▶ Dataset records
↓
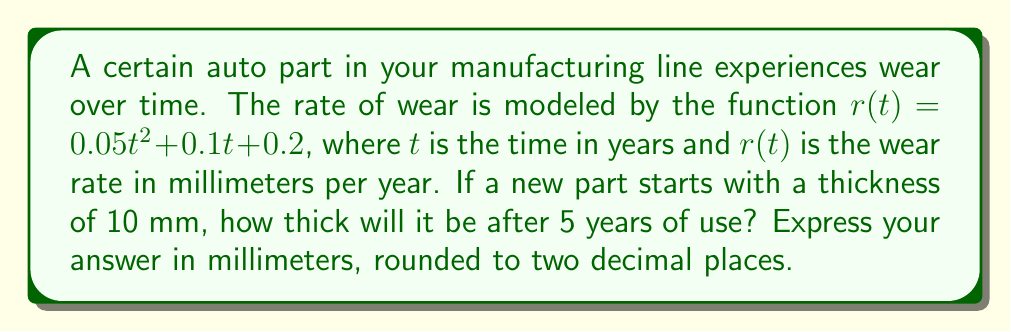Show me your answer to this math problem. To solve this problem, we need to use integral equations to model the total wear over time:

1) The total wear after 5 years is given by the integral of the wear rate function from 0 to 5:

   $$W = \int_0^5 r(t) dt = \int_0^5 (0.05t^2 + 0.1t + 0.2) dt$$

2) Let's solve this integral:

   $$W = \left[0.05\frac{t^3}{3} + 0.1\frac{t^2}{2} + 0.2t\right]_0^5$$

3) Evaluate the integral:

   $$W = \left(0.05\frac{5^3}{3} + 0.1\frac{5^2}{2} + 0.2(5)\right) - \left(0.05\frac{0^3}{3} + 0.1\frac{0^2}{2} + 0.2(0)\right)$$

4) Simplify:

   $$W = (2.0833 + 1.25 + 1) - 0 = 4.3333$$

5) The total wear after 5 years is approximately 4.33 mm.

6) Since the part started with a thickness of 10 mm, the remaining thickness is:

   $$10 - 4.33 = 5.67 \text{ mm}$$

Rounding to two decimal places, we get 5.67 mm.
Answer: 5.67 mm 
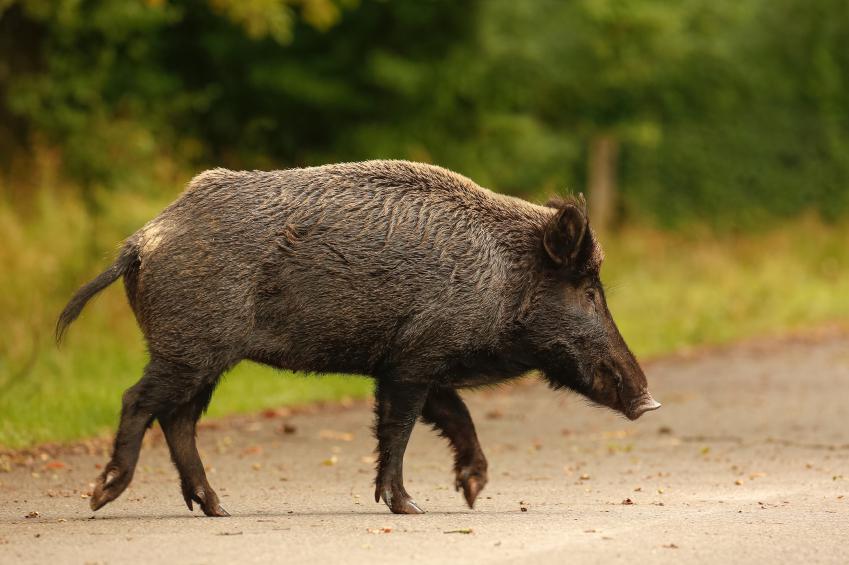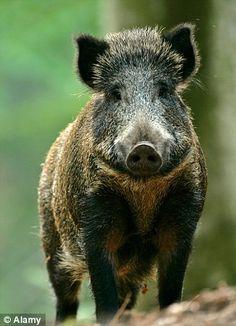The first image is the image on the left, the second image is the image on the right. Evaluate the accuracy of this statement regarding the images: "The pig in the image on the left is facing the camera.". Is it true? Answer yes or no. No. The first image is the image on the left, the second image is the image on the right. For the images shown, is this caption "One image shows a single wild pig with its head and body facing forward, and the other image shows a single standing wild pig with its head and body in profile." true? Answer yes or no. Yes.
↑
▶ Exercise directions
Set down exactly the lines running from the beginning of the entries above to the line that contains "1) The total", including both, and leave out pictures.

▶ Output of the exercise
Show me your answer to this math problem. To solve this problem, we need to use integral equations to model the total wear over time:

1) The total wear after 5 years is given by the integral of the wear rate function from 0 to 5:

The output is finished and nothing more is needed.